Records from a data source
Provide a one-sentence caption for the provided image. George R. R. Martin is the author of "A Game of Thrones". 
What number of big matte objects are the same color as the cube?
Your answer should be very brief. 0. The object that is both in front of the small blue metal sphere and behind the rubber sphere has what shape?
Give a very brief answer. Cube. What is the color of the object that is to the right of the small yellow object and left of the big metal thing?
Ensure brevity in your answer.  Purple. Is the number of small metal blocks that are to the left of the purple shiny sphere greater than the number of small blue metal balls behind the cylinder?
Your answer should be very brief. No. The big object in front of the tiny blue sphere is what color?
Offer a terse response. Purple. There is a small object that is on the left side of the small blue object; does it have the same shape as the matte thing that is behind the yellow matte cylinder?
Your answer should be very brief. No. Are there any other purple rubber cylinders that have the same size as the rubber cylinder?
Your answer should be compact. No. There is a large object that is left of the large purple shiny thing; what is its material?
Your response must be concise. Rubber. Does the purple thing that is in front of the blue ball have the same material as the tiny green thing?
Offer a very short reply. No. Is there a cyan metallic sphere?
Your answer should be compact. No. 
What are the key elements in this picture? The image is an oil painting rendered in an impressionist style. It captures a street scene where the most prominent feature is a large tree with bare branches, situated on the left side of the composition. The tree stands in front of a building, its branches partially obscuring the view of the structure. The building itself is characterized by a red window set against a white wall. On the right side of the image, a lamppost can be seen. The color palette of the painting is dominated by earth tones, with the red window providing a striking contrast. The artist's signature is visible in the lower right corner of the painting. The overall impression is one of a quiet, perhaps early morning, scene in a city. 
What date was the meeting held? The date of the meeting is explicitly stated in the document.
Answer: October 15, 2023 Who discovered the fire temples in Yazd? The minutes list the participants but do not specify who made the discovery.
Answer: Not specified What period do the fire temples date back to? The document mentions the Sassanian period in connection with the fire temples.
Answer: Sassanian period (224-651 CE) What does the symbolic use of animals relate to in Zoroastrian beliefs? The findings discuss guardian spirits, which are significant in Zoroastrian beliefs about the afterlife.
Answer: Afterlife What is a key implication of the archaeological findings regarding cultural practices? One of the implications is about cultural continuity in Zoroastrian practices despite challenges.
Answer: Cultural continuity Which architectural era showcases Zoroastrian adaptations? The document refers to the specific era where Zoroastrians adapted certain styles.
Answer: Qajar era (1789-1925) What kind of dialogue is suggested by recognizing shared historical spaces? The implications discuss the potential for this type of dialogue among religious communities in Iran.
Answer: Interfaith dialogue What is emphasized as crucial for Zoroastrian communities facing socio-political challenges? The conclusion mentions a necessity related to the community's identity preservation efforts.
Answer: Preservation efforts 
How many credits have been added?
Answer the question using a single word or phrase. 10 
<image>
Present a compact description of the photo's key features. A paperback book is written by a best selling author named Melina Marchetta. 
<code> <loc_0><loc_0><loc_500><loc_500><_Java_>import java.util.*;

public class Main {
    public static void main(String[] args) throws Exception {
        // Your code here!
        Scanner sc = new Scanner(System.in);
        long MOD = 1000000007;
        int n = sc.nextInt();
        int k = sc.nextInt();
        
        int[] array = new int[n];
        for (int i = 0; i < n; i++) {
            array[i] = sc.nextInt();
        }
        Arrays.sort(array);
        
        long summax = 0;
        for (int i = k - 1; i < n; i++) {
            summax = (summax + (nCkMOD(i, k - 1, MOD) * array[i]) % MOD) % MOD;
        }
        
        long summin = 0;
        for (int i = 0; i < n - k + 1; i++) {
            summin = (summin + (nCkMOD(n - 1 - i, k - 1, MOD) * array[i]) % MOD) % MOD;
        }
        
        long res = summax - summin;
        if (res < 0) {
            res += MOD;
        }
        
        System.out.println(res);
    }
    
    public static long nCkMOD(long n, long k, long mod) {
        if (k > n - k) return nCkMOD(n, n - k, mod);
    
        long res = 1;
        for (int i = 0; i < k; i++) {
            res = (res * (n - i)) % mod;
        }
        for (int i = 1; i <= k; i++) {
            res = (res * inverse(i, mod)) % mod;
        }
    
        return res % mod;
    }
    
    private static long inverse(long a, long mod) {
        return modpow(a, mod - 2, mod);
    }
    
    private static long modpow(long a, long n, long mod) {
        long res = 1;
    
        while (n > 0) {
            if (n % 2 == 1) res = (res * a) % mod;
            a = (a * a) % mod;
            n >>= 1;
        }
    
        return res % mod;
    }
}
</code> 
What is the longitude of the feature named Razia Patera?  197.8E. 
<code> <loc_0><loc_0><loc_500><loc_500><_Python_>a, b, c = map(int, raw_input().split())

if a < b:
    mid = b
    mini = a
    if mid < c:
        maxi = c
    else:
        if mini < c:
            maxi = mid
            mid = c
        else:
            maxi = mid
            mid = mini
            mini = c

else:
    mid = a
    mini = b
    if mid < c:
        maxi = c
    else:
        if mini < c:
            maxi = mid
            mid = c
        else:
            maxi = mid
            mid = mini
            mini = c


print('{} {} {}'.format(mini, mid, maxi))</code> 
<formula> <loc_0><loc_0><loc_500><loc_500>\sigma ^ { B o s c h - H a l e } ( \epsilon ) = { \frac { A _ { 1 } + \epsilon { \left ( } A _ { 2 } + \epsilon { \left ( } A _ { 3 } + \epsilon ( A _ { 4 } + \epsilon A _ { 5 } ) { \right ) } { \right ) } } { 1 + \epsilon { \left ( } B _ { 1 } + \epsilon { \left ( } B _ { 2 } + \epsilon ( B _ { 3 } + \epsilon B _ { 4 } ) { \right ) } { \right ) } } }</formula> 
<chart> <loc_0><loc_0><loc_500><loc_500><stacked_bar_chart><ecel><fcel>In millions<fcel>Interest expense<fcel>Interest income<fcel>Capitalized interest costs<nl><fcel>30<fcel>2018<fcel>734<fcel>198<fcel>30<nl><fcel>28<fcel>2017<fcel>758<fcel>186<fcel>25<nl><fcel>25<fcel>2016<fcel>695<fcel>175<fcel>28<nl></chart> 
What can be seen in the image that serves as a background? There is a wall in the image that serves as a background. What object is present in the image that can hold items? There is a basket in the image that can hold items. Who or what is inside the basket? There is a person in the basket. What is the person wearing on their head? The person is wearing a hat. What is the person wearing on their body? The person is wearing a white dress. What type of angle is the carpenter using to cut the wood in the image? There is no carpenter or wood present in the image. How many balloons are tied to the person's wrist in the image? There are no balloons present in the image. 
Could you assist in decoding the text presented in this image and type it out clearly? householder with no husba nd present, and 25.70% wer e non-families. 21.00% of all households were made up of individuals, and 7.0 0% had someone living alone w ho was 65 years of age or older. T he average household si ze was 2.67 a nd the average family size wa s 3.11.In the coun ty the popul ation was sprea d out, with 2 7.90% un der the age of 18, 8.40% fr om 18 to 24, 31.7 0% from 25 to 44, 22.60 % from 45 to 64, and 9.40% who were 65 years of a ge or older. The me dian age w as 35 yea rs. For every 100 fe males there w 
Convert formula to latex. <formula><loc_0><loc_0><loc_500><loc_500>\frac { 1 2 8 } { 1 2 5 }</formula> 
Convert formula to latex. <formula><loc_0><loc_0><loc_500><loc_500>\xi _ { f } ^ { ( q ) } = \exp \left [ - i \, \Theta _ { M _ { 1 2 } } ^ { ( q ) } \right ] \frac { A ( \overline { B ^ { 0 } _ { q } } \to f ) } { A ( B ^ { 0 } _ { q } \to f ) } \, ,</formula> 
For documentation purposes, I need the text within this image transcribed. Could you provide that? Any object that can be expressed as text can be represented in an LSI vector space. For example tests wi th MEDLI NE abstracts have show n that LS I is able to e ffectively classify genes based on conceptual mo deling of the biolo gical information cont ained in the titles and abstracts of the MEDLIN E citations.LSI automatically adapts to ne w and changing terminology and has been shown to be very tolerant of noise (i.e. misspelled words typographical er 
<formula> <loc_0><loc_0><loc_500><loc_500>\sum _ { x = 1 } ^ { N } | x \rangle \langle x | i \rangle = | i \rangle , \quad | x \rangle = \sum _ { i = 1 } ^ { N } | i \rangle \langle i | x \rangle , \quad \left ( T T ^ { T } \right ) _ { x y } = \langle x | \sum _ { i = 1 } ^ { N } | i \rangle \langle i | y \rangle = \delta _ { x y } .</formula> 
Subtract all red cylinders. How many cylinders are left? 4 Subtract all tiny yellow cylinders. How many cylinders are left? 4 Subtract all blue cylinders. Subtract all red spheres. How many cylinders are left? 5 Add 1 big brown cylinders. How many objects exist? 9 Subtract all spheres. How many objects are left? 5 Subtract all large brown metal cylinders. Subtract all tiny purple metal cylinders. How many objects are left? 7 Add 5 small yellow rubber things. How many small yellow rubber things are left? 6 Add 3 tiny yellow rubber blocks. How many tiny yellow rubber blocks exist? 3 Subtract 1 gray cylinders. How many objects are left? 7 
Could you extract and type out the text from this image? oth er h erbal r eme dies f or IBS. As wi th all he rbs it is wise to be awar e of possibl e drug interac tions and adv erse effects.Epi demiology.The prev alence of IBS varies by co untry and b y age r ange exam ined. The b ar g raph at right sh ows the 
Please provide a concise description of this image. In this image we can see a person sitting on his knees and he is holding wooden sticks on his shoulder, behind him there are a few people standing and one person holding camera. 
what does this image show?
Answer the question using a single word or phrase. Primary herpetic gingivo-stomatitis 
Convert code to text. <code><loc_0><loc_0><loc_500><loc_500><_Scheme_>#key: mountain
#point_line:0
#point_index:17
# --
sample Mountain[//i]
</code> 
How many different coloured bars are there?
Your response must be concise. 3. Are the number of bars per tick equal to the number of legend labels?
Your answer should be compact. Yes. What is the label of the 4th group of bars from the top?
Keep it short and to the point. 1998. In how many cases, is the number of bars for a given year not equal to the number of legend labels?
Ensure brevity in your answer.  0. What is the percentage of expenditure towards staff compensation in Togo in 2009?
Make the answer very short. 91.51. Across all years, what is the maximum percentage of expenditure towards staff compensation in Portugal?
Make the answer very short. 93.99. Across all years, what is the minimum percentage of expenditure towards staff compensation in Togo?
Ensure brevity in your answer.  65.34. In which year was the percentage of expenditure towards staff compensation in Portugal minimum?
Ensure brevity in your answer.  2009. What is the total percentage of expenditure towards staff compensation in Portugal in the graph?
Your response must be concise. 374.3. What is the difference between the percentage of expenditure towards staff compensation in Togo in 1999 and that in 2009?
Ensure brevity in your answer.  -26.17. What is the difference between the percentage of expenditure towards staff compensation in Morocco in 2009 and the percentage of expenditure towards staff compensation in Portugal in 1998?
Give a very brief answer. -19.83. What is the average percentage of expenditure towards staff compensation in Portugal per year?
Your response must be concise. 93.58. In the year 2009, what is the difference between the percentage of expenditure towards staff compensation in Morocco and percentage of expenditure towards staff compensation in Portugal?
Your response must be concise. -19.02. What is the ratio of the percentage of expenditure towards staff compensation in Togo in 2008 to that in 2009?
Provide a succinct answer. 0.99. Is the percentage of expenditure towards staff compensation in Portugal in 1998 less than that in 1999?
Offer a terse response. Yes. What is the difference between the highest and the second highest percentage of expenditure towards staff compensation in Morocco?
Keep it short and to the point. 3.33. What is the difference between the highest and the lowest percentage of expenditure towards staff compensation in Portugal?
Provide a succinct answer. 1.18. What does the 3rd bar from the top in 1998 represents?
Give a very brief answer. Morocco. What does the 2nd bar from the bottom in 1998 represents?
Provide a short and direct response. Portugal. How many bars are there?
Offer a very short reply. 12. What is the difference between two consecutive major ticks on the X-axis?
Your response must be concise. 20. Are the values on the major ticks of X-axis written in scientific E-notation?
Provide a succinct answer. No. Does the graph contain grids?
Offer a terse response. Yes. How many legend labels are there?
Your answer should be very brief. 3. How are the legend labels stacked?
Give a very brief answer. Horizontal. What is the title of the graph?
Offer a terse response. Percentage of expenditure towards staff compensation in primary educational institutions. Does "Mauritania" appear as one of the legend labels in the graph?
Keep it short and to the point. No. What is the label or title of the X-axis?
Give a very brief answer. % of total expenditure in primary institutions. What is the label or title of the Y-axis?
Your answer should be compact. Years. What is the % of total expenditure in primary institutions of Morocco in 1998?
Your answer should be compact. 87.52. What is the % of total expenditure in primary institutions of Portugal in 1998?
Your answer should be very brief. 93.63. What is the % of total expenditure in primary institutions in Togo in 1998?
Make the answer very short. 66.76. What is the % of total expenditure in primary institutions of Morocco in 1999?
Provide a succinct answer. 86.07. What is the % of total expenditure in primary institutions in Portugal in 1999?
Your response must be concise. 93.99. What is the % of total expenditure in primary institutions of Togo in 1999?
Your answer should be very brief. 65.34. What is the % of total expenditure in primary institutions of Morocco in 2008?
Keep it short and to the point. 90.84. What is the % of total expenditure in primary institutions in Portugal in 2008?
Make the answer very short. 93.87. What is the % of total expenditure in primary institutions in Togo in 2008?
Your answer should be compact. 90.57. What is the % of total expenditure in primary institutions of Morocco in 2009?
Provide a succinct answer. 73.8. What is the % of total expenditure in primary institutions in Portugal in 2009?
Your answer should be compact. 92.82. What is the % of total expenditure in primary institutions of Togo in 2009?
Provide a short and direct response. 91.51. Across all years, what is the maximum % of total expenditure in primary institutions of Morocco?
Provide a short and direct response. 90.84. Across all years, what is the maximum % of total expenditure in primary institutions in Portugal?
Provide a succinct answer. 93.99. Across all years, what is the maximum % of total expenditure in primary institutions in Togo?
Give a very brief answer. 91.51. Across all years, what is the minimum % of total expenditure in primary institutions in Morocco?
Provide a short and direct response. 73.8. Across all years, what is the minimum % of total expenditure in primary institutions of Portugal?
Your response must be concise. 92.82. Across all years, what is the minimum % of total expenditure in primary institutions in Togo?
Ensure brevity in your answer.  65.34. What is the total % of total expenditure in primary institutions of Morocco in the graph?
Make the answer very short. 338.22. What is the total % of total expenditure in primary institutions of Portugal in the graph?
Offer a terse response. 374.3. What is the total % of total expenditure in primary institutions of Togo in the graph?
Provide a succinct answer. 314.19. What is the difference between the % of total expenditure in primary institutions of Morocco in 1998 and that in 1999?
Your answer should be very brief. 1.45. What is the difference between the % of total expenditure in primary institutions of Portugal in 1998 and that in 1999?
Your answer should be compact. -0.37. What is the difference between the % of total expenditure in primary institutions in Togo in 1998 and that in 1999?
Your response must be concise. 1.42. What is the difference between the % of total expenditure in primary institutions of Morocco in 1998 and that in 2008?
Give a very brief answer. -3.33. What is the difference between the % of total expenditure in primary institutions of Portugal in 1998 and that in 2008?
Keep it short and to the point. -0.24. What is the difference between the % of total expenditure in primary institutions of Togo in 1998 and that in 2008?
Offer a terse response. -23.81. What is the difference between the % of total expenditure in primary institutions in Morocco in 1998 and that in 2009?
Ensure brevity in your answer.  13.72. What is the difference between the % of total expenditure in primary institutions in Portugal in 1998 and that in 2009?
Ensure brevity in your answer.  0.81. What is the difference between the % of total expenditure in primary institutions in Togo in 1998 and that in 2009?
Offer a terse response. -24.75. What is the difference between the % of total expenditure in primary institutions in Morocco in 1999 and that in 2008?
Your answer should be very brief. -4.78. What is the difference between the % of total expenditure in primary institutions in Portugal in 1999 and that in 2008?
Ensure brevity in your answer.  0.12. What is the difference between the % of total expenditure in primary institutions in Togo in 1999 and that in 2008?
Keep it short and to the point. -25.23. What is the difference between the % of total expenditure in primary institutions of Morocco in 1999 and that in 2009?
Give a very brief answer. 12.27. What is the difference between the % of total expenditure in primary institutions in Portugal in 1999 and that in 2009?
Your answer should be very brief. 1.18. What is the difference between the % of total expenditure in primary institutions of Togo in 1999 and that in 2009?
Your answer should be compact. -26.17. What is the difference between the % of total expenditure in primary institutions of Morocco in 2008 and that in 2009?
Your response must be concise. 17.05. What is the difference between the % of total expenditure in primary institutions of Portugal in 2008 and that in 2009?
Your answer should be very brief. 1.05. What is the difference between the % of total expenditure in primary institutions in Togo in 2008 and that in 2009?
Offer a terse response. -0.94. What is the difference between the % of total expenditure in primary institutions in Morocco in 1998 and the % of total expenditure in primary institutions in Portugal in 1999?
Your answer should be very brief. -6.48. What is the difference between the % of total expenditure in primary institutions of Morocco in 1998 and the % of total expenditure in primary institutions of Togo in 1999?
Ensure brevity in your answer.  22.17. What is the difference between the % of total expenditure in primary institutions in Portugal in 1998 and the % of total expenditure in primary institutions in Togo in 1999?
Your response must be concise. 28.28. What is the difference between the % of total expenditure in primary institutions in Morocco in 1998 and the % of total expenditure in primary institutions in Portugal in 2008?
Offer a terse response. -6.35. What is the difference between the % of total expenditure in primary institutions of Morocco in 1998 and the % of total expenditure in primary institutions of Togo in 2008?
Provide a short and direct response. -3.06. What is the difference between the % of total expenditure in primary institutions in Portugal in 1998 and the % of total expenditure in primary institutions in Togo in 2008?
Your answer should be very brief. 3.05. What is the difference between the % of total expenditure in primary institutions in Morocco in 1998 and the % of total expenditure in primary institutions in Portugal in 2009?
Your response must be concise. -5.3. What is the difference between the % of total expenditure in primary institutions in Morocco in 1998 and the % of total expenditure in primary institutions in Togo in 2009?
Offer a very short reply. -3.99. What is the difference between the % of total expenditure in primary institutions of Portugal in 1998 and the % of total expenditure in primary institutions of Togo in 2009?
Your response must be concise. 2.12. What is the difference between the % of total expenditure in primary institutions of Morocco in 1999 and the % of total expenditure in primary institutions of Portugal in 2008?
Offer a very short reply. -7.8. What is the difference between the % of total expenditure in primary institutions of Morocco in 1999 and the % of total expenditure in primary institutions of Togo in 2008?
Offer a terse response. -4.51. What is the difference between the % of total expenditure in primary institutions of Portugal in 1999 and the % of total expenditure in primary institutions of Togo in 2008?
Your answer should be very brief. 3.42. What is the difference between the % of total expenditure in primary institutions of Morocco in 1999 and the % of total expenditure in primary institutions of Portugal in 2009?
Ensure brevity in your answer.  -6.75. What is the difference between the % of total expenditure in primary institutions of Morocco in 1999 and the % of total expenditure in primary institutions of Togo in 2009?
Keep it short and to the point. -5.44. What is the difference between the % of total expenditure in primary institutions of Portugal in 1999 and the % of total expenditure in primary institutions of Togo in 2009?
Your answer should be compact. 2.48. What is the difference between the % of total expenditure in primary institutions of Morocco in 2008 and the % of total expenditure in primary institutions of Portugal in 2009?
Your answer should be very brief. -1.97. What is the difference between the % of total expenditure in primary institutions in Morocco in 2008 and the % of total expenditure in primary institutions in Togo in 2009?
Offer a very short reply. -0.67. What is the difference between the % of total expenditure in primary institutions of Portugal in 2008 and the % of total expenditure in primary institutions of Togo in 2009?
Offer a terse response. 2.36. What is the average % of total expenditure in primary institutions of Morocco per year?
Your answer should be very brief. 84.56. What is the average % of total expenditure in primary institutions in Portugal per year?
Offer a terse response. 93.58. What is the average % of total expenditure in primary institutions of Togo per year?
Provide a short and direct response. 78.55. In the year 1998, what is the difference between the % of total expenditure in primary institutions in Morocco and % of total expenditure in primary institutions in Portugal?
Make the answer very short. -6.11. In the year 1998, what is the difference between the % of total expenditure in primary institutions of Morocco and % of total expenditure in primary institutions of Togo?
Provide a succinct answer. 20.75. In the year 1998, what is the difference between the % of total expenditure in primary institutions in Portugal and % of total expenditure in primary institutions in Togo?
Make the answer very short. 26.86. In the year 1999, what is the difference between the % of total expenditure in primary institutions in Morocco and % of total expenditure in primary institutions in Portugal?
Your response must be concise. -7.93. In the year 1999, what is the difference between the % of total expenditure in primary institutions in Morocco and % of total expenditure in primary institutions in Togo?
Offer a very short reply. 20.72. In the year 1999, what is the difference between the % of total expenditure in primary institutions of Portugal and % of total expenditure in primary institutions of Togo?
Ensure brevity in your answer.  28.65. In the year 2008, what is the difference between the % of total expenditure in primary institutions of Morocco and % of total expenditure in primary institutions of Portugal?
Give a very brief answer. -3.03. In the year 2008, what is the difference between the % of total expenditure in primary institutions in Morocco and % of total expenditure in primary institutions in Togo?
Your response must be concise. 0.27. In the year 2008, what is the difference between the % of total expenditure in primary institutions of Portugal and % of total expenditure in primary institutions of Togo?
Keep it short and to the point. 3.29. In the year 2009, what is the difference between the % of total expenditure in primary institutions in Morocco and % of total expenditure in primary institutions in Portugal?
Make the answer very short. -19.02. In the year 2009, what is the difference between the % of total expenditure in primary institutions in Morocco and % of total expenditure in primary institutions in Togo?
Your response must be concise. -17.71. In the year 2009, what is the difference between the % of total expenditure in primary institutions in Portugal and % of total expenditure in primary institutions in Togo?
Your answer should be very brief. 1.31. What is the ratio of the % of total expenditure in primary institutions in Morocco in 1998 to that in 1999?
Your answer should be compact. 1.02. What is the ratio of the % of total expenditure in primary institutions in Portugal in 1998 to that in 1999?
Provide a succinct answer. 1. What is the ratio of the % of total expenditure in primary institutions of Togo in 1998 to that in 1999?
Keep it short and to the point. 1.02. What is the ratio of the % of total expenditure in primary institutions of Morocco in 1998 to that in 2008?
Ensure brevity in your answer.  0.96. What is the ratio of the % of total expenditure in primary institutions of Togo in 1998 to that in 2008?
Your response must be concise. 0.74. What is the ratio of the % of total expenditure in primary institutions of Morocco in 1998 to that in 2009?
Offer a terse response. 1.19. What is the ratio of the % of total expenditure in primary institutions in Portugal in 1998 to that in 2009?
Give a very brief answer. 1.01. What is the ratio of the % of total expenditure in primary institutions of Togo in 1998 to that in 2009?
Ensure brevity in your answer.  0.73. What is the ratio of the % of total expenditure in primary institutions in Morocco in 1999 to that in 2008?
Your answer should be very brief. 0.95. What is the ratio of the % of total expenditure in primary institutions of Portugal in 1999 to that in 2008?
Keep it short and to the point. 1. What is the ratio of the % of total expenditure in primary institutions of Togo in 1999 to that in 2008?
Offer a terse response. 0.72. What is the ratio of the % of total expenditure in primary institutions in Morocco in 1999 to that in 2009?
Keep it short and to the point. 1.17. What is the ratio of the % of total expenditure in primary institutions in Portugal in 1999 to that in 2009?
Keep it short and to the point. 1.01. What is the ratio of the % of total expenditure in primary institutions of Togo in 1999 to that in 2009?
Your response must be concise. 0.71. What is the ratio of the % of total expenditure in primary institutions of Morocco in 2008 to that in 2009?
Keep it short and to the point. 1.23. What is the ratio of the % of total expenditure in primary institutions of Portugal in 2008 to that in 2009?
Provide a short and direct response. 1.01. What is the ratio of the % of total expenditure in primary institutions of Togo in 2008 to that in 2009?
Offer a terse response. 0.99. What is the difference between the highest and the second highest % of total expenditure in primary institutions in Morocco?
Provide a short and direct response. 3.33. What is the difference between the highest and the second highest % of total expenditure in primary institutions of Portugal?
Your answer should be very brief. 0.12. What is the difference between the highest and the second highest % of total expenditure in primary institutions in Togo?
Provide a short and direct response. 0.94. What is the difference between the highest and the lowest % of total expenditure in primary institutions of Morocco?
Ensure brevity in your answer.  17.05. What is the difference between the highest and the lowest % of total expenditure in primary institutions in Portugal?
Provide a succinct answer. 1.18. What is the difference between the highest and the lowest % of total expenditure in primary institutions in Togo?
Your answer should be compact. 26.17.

» **WHAT TO WORK ON**
Each line above that includes the word "person" is to be copied.

» **RESULT OF THIS TASK**
What can be seen in the image that serves as a background? There is a wall in the image that serves as a background. What object is present in the image that can hold items? There is a basket in the image that can hold items. Who or what is inside the basket? There is a person in the basket. What is the person wearing on their head? The person is wearing a hat. What is the person wearing on their body? The person is wearing a white dress. What type of angle is the carpenter using to cut the wood in the image? There is no carpenter or wood present in the image. How many balloons are tied to the person's wrist in the image? There are no balloons present in the image. 
Please provide a concise description of this image. In this image we can see a person sitting on his knees and he is holding wooden sticks on his shoulder, behind him there are a few people standing and one person holding camera. 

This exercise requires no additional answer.